纪殊炫心里盘算起来,所有的一切似乎对自己没有针对之意,但是好像每一句都在把凌氏逼上绝路。为什么?周惋盈为什么?他的眼神与石亨对个正着,一个恨意,一个得意。

朱祁镇压着火,重复着:“凌老爷之命,不得不从”字字如刀。

凌继怀真的慌了,现在挽救根本来不及了。“陛下!老臣没有啊!你们是谁,谁让你们这么诬陷老臣!老臣冤枉!”

其夫人落了泪:“陛下冤枉!”

朱祁镇拿着那把刀,挑开孟氏身体上的白布,语言带刺:“冤枉?!那你书房的匕首,怎么解释?”
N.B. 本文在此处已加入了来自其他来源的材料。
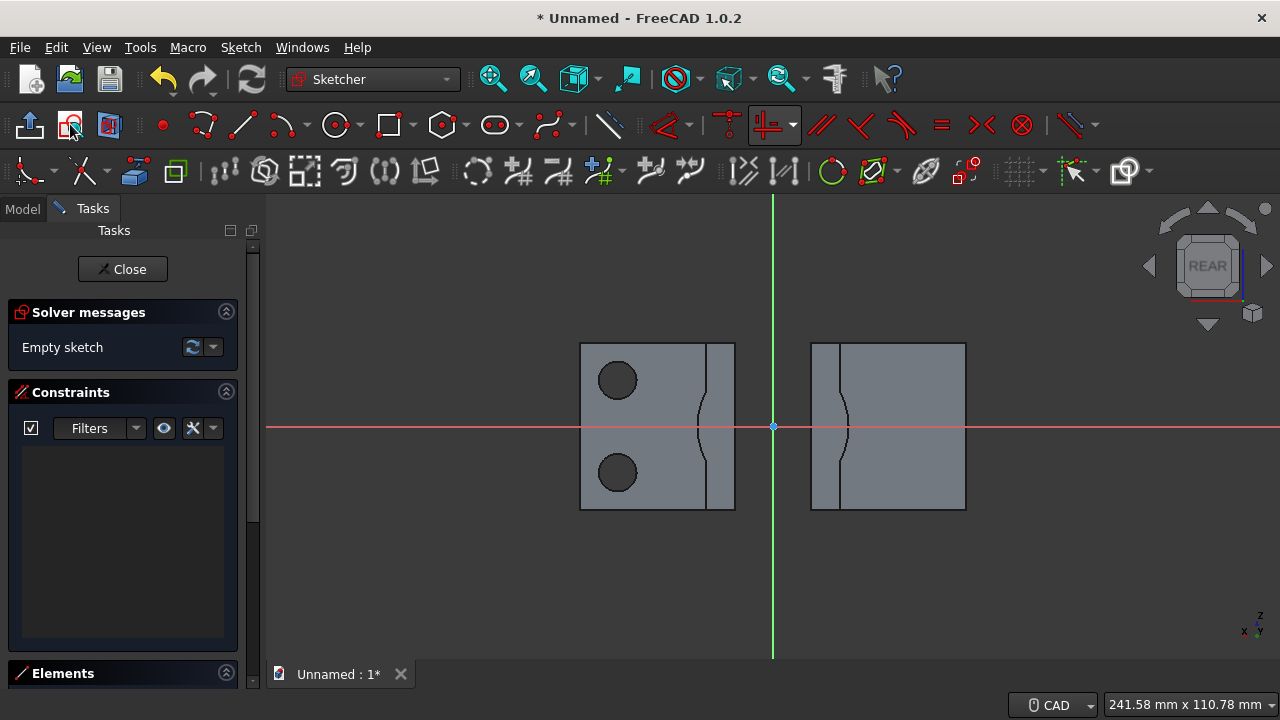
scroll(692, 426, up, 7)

他拿着匕首与伤口进行比对,简直如出一辙。凌继怀不知道说什么,还是冤枉?那恐怕更不可信。他不再辩解,既然陛下已经下定决心定罪了,这么公之于众让大臣做见证,多说无益。

凌继怀的目光略过众人,很少有人出来帮他说话。他突然想到自己的女人凌昀若,心里空空的,像在被腐蚀、吞噬一样的疼。景氏眼泪不停,好像与自己想到一块去了。

纪殊炫开口:“陛下,什么不得不从,什么杀人灭口,根本子虚乌有!”

朱祁镇目光寒冷:“易王,你都自身难保了,还担心别人呢”

纪殊炫大骂:“如果凌氏这般忠诚的人都要被朝堂的诡谲云涌所牵绊,最终含冤而死,那这个世间公道无存!”

说罢被后面人踹了一脚,跪下来。周惋盈眼神动了一下,紧咬下唇。

朱祁镇下旨将易王转入廷尉府,凌府所有人打入天牢,听旨处置。

殷丞御劝了好几次让其三思,均未进耳。